Experimental studies on protein dynamics at atomic resolution by NMR-spectroscopy in solution require isolated 1H-X spin pairs. This is the default scenario in standard 1H-15N backbone experiments. Side chain dynamic experiments, which allow to study specific local processes like proton-transfer, or tautomerization, require isolated 1H-13C sites which must be produced by site-selective 13C labeling. In the most general way this is achieved by using site-selectively 13C-enriched glucose as the carbon source in bacterial expression systems. Here we systematically investigate the use of site-selectively 13C-enriched ribose as a suitable precursor for 13C labeled histidines and tryptophans. The 13C incorporation in nearly all sites of all 20 amino acids was quantified and compared to glucose based labeling.
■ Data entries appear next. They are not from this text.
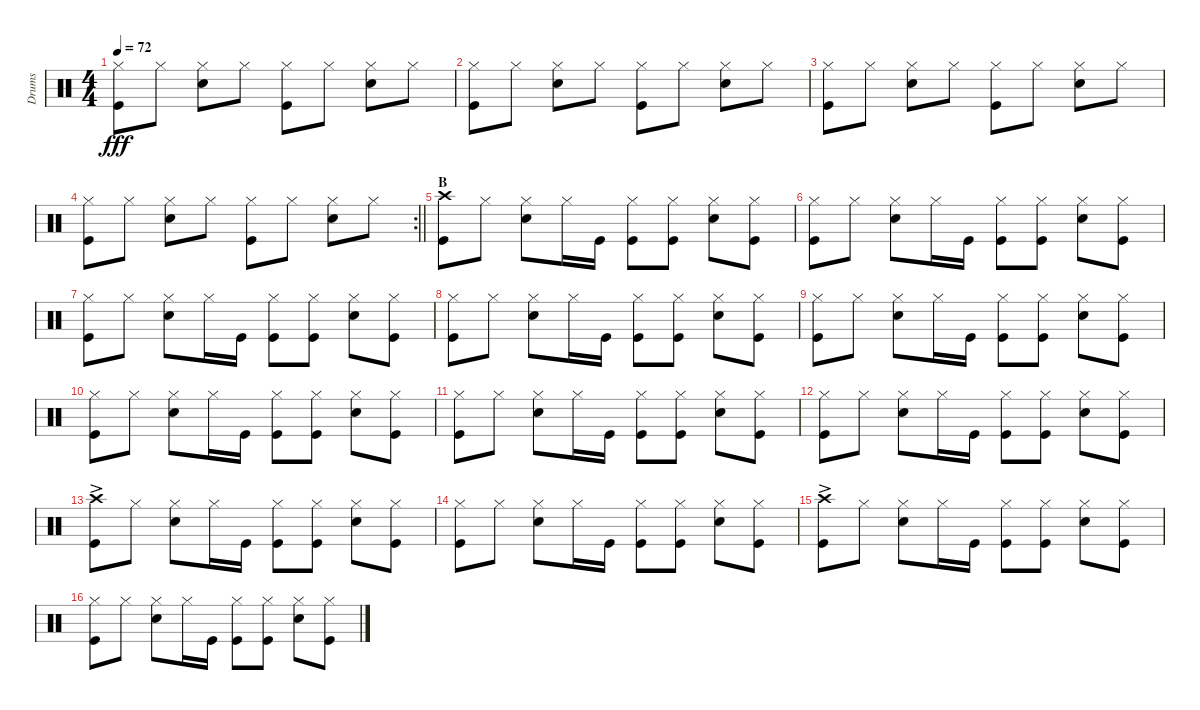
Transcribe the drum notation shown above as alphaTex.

\track ("Drums" "Drums") {instrument percussion}
\staff {score}
\articulation defaults
\ts (4 4)
\tempo 72
\clef neutral
\ks c
("Hi-Hat (closed)" "Kick (hit)").8{dy fff} "Hi-Hat (closed)".8 ("Hi-Hat (closed)" "Snare (hit) 2").8 "Hi-Hat (closed)".8 ("Hi-Hat (closed)" "Kick (hit)").8 "Hi-Hat (closed)".8 ("Hi-Hat (closed)" "Snare (hit) 2").8 "Hi-Hat (closed)".8 |
("Hi-Hat (closed)" "Kick (hit)").8 "Hi-Hat (closed)".8 ("Hi-Hat (closed)" "Snare (hit) 2").8 "Hi-Hat (closed)".8 ("Hi-Hat (closed)" "Kick (hit)").8 "Hi-Hat (closed)".8 ("Hi-Hat (closed)" "Snare (hit) 2").8 "Hi-Hat (closed)".8 |
("Hi-Hat (closed)" "Kick (hit)").8 "Hi-Hat (closed)".8 ("Hi-Hat (closed)" "Snare (hit) 2").8 "Hi-Hat (closed)".8 ("Hi-Hat (closed)" "Kick (hit)").8 "Hi-Hat (closed)".8 ("Hi-Hat (closed)" "Snare (hit) 2").8 "Hi-Hat (closed)".8 |
\rc 2
\barLineRight lightlight
("Hi-Hat (closed)" "Kick (hit)").8 "Hi-Hat (closed)".8 ("Hi-Hat (closed)" "Snare (hit) 2").8 "Hi-Hat (closed)".8 ("Hi-Hat (closed)" "Kick (hit)").8 "Hi-Hat (closed)".8 ("Hi-Hat (closed)" "Snare (hit) 2").8 "Hi-Hat (closed)".8 |
\section ("" "B")
("Crash high (hit)" "Kick (hit)").8 "Hi-Hat (closed)".8 ("Hi-Hat (closed)" "Snare (hit) 2").8 "Hi-Hat (closed)".16 "Kick (hit)".16 ("Hi-Hat (closed)" "Kick (hit)").8 ("Hi-Hat (closed)" "Kick (hit)").8 ("Hi-Hat (closed)" "Snare (hit) 2").8 ("Hi-Hat (closed)" "Kick (hit)").8 |
("Hi-Hat (closed)" "Kick (hit)").8 "Hi-Hat (closed)".8 ("Hi-Hat (closed)" "Snare (hit) 2").8 "Hi-Hat (closed)".16 "Kick (hit)".16 ("Hi-Hat (closed)" "Kick (hit)").8 ("Hi-Hat (closed)" "Kick (hit)").8 ("Hi-Hat (closed)" "Snare (hit) 2").8 ("Hi-Hat (closed)" "Kick (hit)").8 |
("Hi-Hat (closed)" "Kick (hit)").8 "Hi-Hat (closed)".8 ("Hi-Hat (closed)" "Snare (hit) 2").8 "Hi-Hat (closed)".16 "Kick (hit)".16 ("Hi-Hat (closed)" "Kick (hit)").8 ("Hi-Hat (closed)" "Kick (hit)").8 ("Hi-Hat (closed)" "Snare (hit) 2").8 ("Hi-Hat (closed)" "Kick (hit)").8 |
("Hi-Hat (closed)" "Kick (hit)").8 "Hi-Hat (closed)".8 ("Hi-Hat (closed)" "Snare (hit) 2").8 "Hi-Hat (closed)".16 "Kick (hit)".16 ("Hi-Hat (closed)" "Kick (hit)").8 ("Hi-Hat (closed)" "Kick (hit)").8 ("Hi-Hat (closed)" "Snare (hit) 2").8 ("Hi-Hat (closed)" "Kick (hit)").8 |
("Hi-Hat (closed)" "Kick (hit)").8 "Hi-Hat (closed)".8 ("Hi-Hat (closed)" "Snare (hit) 2").8 "Hi-Hat (closed)".16 "Kick (hit)".16 ("Hi-Hat (closed)" "Kick (hit)").8 ("Hi-Hat (closed)" "Kick (hit)").8 ("Hi-Hat (closed)" "Snare (hit) 2").8 ("Hi-Hat (closed)" "Kick (hit)").8 |
("Hi-Hat (closed)" "Kick (hit)").8 "Hi-Hat (closed)".8 ("Hi-Hat (closed)" "Snare (hit) 2").8 "Hi-Hat (closed)".16 "Kick (hit)".16 ("Hi-Hat (closed)" "Kick (hit)").8 ("Hi-Hat (closed)" "Kick (hit)").8 ("Hi-Hat (closed)" "Snare (hit) 2").8 ("Hi-Hat (closed)" "Kick (hit)").8 |
("Hi-Hat (closed)" "Kick (hit)").8 "Hi-Hat (closed)".8 ("Hi-Hat (closed)" "Snare (hit) 2").8 "Hi-Hat (closed)".16 "Kick (hit)".16 ("Hi-Hat (closed)" "Kick (hit)").8 ("Hi-Hat (closed)" "Kick (hit)").8 ("Hi-Hat (closed)" "Snare (hit) 2").8 ("Hi-Hat (closed)" "Kick (hit)").8 |
("Hi-Hat (closed)" "Kick (hit)").8 "Hi-Hat (closed)".8 ("Hi-Hat (closed)" "Snare (hit) 2").8 "Hi-Hat (closed)".16 "Kick (hit)".16 ("Hi-Hat (closed)" "Kick (hit)").8 ("Hi-Hat (closed)" "Kick (hit)").8 ("Hi-Hat (closed)" "Snare (hit) 2").8 ("Hi-Hat (closed)" "Kick (hit)").8 |
("Crash high (hit)"{ac} "Kick (hit)").8 "Hi-Hat (closed)".8 ("Hi-Hat (closed)" "Snare (hit) 2").8 "Hi-Hat (closed)".16 "Kick (hit)".16 ("Hi-Hat (closed)" "Kick (hit)").8 ("Hi-Hat (closed)" "Kick (hit)").8 ("Hi-Hat (closed)" "Snare (hit) 2").8 ("Hi-Hat (closed)" "Kick (hit)").8 |
("Hi-Hat (closed)" "Kick (hit)").8 "Hi-Hat (closed)".8 ("Hi-Hat (closed)" "Snare (hit) 2").8 "Hi-Hat (closed)".16 "Kick (hit)".16 ("Hi-Hat (closed)" "Kick (hit)").8 ("Hi-Hat (closed)" "Kick (hit)").8 ("Hi-Hat (closed)" "Snare (hit) 2").8 ("Hi-Hat (closed)" "Kick (hit)").8 |
("Crash high (hit)"{ac} "Kick (hit)").8 "Hi-Hat (closed)".8 ("Hi-Hat (closed)" "Snare (hit) 2").8 "Hi-Hat (closed)".16 "Kick (hit)".16 ("Hi-Hat (closed)" "Kick (hit)").8 ("Hi-Hat (closed)" "Kick (hit)").8 ("Hi-Hat (closed)" "Snare (hit) 2").8 ("Hi-Hat (closed)" "Kick (hit)").8 |
("Hi-Hat (closed)" "Kick (hit)").8 "Hi-Hat (closed)".8 ("Hi-Hat (closed)" "Snare (hit) 2").8 "Hi-Hat (closed)".16 "Kick (hit)".16 ("Hi-Hat (closed)" "Kick (hit)").8 ("Hi-Hat (closed)" "Kick (hit)").8 ("Hi-Hat (closed)" "Snare (hit) 2").8 ("Hi-Hat (closed)" "Kick (hit)").8

In general the ribose approach results in more selective labeling. 1-13C ribose exclusively labels His δ2 and Trp δ1 in aromatic side chains and helps to resolve possible overlap problems. The incorporation yield is however only 37% in total and 72% compared to yields of 2-13C glucose. A combined approach of 1-13C ribose and 2-13C glucose maximizes 13C incorporation to 75% in total and 150% compared to 2-13C glucose only. Further histidine positions β, α and CO become significantly labeled at around 50% in total by 3-, 4- or 5-13C ribose. Interestingly backbone CO of Gly, Ala, Cys, Ser, Val, Phe and Tyr are labeled at 40??50% in total with 3-13C ribose, compared to 5% and below for 1-13C and 2-13C glucose. Using ribose instead of glucose as a source for site-selective 13C labeling enables a very selective labeling of certain positions and thereby expanding the toolbox for customized isotope labeling of amino-acids.